Я пересекла короткую подъездную дорожку, удачно обсаженную деревьями. Тенистые сикоморы защищали хозяина не только от жара солнца, но и его слепящих лучей. Дом Осаара Хассана представлял собой аккуратный двухэтажный особняк, каждый этаж которого был покрыт красной черепицей; ее чешуйки по-драконьи наползали друг на друга.
Перебрав все ключи, я наконец нашла нужный и шагнула в дом. Несмотря на обилие окон, солнце здесь ощущалось менее злым, а воздух – довольно свежим. Подойдя к ставням, я поняла, что стекла покрыты тонкой защитной пленкой, которая, по-видимому, отражала прямые лучи.
Если двор дома казался чистым, исполненным глянцевого блеска и геометрического изящества, внутреннее убранство составляло полную его противоположность. Все доступные поверхности были завалены египетскими сокровищами – от рассохшихся пергаментов в подтеках цветной краски до огромных резных орнаментов. Безделушки и предметы старины были разбросаны как попало, без намека на замысел дизайнера, и явно нуждались в метелке для пыли. Я не знала, копии это или настоящие артефакты, но полагала, что человек, облаченный властью Великого визиря в тысячелетнем тайном ордене, может иметь доступ к таким вещам, о которых другие и не догадываются.
Я сидела на корточках, разглядывая искусную статуэтку кошки, когда в особняк зашел Амон. Шаги его были совершенно бесшумны, но благодаря нашей связи я каким-то шестым чувством ощущала присутствие парня – словно спину вдруг начинало греть закатное солнце. И действительно, вскоре Амон присел рядом со мной и положил ладонь на голову статуэтки.
– В Египте кошки пользовались огромным уважением, – сказал он. – Некоторых даже натаскивали для охоты, чтобы они приносили хозяевам птиц или рыбу. Когда у египтянина умирала любимая кошка, он сбривал брови в знак траура.
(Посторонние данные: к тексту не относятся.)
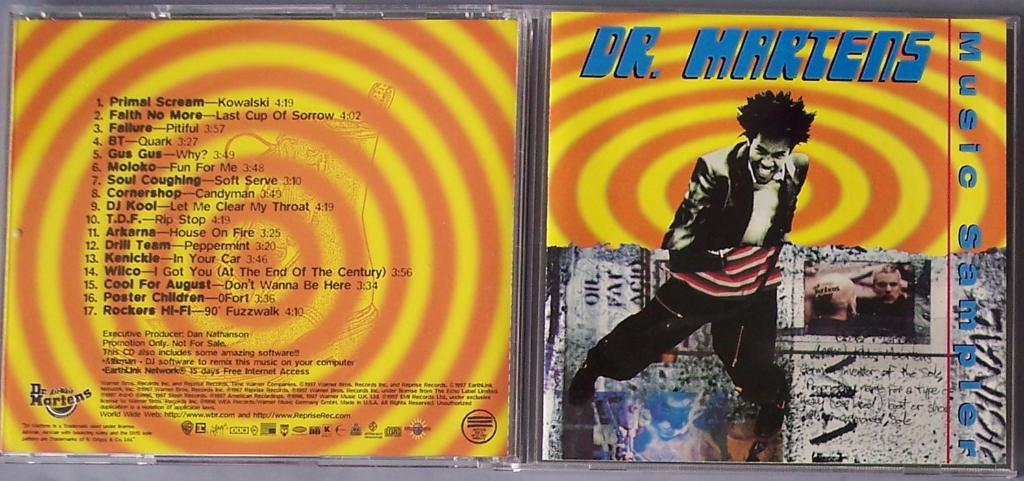<image>
Summarize the visual content of the image. the front and back covers of a case of dr martens musical album. 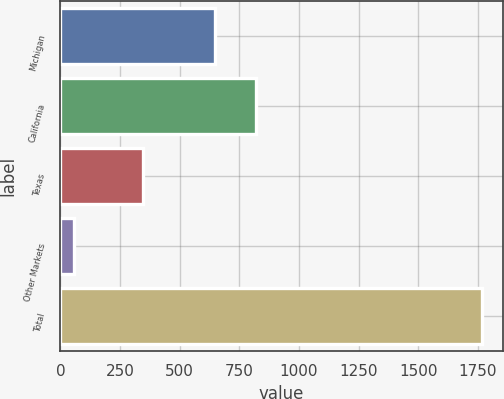Convert chart to OTSL. <chart><loc_0><loc_0><loc_500><loc_500><bar_chart><fcel>Michigan<fcel>California<fcel>Texas<fcel>Other Markets<fcel>Total<nl><fcel>650<fcel>820.6<fcel>346<fcel>59<fcel>1765<nl></chart>

– Интересно, – пробормотала я, захваченная скорее не фигуркой, а человеком, чьи пальцы ласкали ее керамические уши.
– Да. Когда брови отрастали снова, траур считался оконченным.
– И как ты относишься к кошкам – учитывая, что оборачиваешься соколом? Любишь их или ненавидишь?
– Полагаю, ни то ни другое.
Я поддалась порыву и проследила пальцем густую дорожку его брови.
– А ты когда-нибудь любил кого-то так, чтобы сбрить брови в знак траура по нему?
Амон мягко перехватил мое запястье.
– Полюбить кого-нибудь столь сильно стало бы жестоким испытанием для существа, которое проводит большую часть своих дней в Земле мертвых.
– Пожалуй.
Я вдруг почувствовала себя неловко и направилась вдоль длинной полки с безделушками – якобы разглядывая коллекцию доктора Хассана, а на самом деле раздумывая над загадочной судьбой Амона.
– Куда ты уходишь? – спросила я тихо. – Когда твоя миссия здесь завершена?
Парень вздохнул.
– Мне не хотелось бы это обсуждать, Лилия.
– Но мне нужно понять. Понять, почему ты приносишь все эти жертвы. Понять, правда ли ты…
– Правда ли я что?
– Счастлив там.
Амон запустил пальцы в волосы – да так и застыл.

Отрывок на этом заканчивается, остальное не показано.